A World Full of Images
Over time, Dorothea developed a special gift — she saw beauty in things that others didn’t even notice. As she walked the streets of New York City, she discovered a world full of images. She saw poor immigrants struggling to make lives for themselves in America. She saw the homeless walking the same streets as the wealthy. Even before she held a camera in her hands, Dorothea captured these pictures in her mind and heart.

One of Dorothea’s journeys led her to the door of Arnold Genthe, a portrait photographer. She didn’t have much experience with photography, but in 1914, she convinced Genthe to make her his assistant. He taught her how to take portraits and work with cameras, studio lights, and negatives. She watched everything he did and soon became an accomplished photographer.

Photos Worth Taking
In 1919, camera in hand, Dorothea Lange traveled to San Francisco. She set up her own portrait studio and became successful photographing the rich and famous. Ten years later, when the Great Depression began, things changed for everyone, including Lange.

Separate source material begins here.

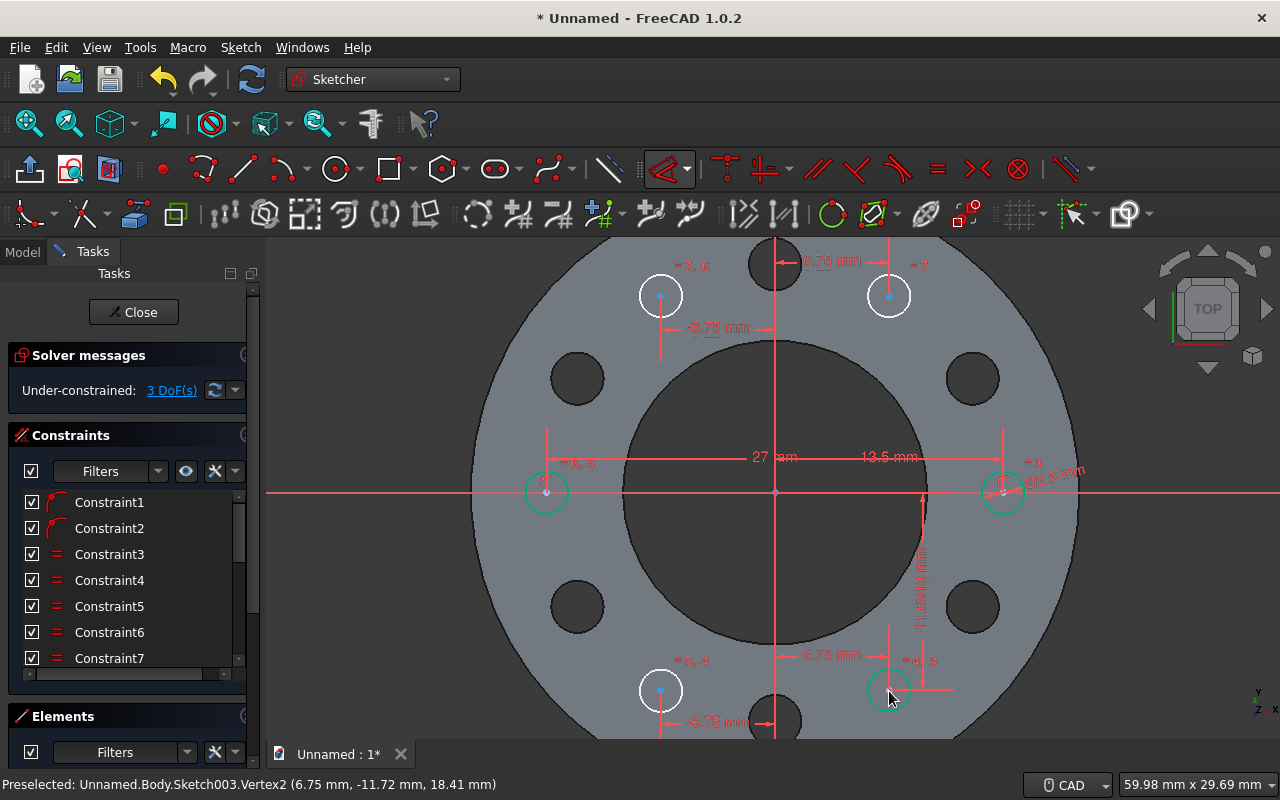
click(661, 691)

People all over the country lost their jobs. Businesses closed, and fewer people could afford Lange’s portraits. Her business suffered, but she saw this as a mixed blessing. She realized that she wasn’t very happy only creating portraits for pay.

Lange struggled to decide what to do next. She took a vacation to help her make a decision. Walking alone in the mountains, she remembered the pictures she had filed away in her heart from her childhood, of bustling markets and hard-working immigrants. Suddenly, she knew what to do.

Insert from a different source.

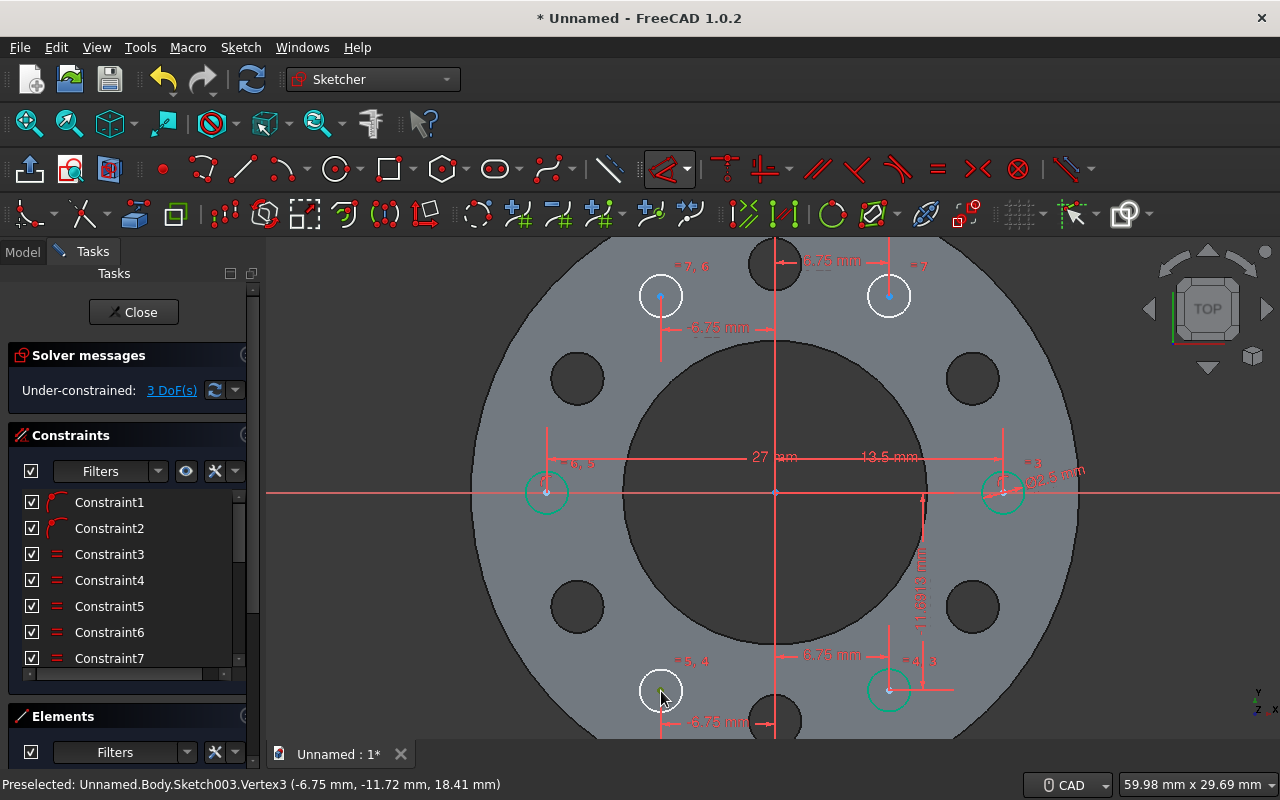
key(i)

“I had to take pictures and concentrate upon people, only people,” she said. “All kinds of people, people who paid me and people who didn’t.”

Lange wandered the streets of San Francisco, just as she had done as a child in New York City. She watched people around her going about their lives. One day, she took a photo of people waiting in a bread line. She hung that photo in her studio with the portraits, and realized that it was more powerful than all of the work she had done before.

Struggles and Strength
The state of California soon hired Lange to photograph the living conditions of migrant farm workers. She traveled out of San Francisco to the camps where migrants from the Midwest came to try to find work. In one camp, she came across a woman and her family on the brink of starvation. “I saw and approached the hungry and desperate mother. She said that they had been living on frozen vegetables from the surrounding fields, and birds that the children killed.”

Lange was appalled by the way these families were living. She took photographs of the woman and her children, and of other people in the camp. When people saw those photographs, they were shocked as well. In fact, the federal government rushed 20,000 pounds of food to the workers in that camp, mainly because Lange had brought attention to them.

The pictures Dorothea Lange took during the Great Depression captured people’s despair and their hopelessness. But the photos also captured their pride and honor. She saw in these people a determination that even the Great Depression could not take away. Using her camera, Lange kept a record of people who would have otherwise been forgotten. When President Franklin Roosevelt began a program to help those people most affected by the Depression, Dorothea Lange’s photographs played an important role in bringing aid to many migrant workers.

Throughout her life, Lange believed that “a camera is an instrument that teaches people how to see.” She hung her camera around her neck almost every day. The pictures she made decades ago are still teaching us to see that beauty can always be found in the strength and determination of the human spirit.

Question: How did the Great Depression impact Lange's career?